- _Aim of the task_:
What lines in the records below contain the string "Approved"? Copy every one.

[Data extracted from a collection]
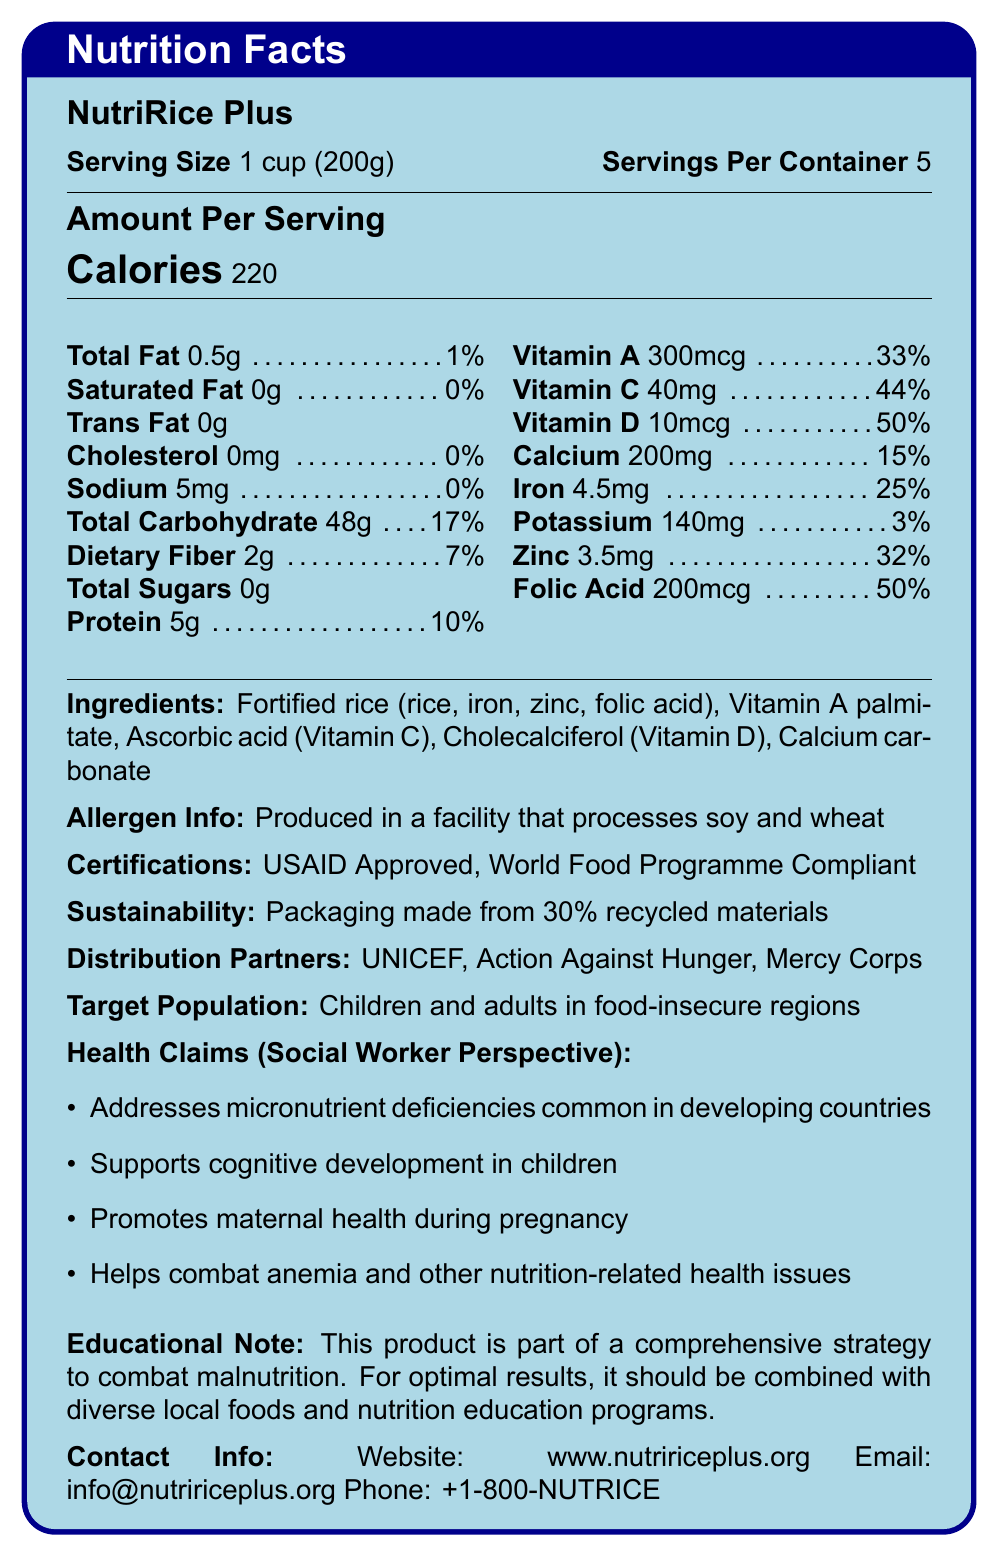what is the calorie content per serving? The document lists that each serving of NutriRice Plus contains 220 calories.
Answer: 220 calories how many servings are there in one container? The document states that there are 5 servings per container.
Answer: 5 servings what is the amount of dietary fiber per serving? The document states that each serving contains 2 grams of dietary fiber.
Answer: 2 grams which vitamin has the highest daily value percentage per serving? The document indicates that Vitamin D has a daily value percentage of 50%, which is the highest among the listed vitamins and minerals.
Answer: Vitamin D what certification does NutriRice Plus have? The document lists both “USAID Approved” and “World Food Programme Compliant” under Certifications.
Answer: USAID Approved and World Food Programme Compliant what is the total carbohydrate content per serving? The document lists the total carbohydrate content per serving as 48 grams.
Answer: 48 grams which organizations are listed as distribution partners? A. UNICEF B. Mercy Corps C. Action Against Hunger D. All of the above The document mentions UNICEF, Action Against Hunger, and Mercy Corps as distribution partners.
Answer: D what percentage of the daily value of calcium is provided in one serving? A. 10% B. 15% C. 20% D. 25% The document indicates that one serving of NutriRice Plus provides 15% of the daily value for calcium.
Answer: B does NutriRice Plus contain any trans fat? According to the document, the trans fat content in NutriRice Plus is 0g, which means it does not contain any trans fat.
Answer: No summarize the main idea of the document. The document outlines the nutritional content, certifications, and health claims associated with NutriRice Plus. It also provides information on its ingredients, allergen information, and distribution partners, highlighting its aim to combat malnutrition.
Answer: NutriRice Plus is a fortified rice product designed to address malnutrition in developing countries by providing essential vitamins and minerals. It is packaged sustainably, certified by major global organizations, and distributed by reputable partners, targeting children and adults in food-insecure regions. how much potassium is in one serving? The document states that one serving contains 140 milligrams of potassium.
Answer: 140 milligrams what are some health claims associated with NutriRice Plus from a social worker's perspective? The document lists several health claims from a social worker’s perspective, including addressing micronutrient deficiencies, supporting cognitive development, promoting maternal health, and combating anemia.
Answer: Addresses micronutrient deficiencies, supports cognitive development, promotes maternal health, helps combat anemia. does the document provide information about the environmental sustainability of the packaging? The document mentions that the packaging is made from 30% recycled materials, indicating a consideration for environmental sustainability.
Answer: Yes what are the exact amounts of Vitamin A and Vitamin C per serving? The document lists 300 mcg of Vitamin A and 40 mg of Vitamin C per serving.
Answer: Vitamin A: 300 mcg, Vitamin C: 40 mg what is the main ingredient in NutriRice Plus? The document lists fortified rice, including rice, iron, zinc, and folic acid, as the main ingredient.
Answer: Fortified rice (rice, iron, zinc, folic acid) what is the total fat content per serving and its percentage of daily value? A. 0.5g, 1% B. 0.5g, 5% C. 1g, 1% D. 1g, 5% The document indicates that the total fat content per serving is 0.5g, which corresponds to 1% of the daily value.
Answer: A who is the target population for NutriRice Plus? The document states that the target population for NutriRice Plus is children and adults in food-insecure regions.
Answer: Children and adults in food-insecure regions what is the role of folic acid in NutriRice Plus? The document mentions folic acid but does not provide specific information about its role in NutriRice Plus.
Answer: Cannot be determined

- _Task solution_:
Answer: Vitamin D what certification does NutriRice Plus have? The document lists both “USAID Approved” and “World Food Programme Compliant” under Certifications.
Answer: USAID Approved and World Food Programme Compliant what is the total carbohydrate content per serving? The document lists the total carbohydrate content per serving as 48 grams.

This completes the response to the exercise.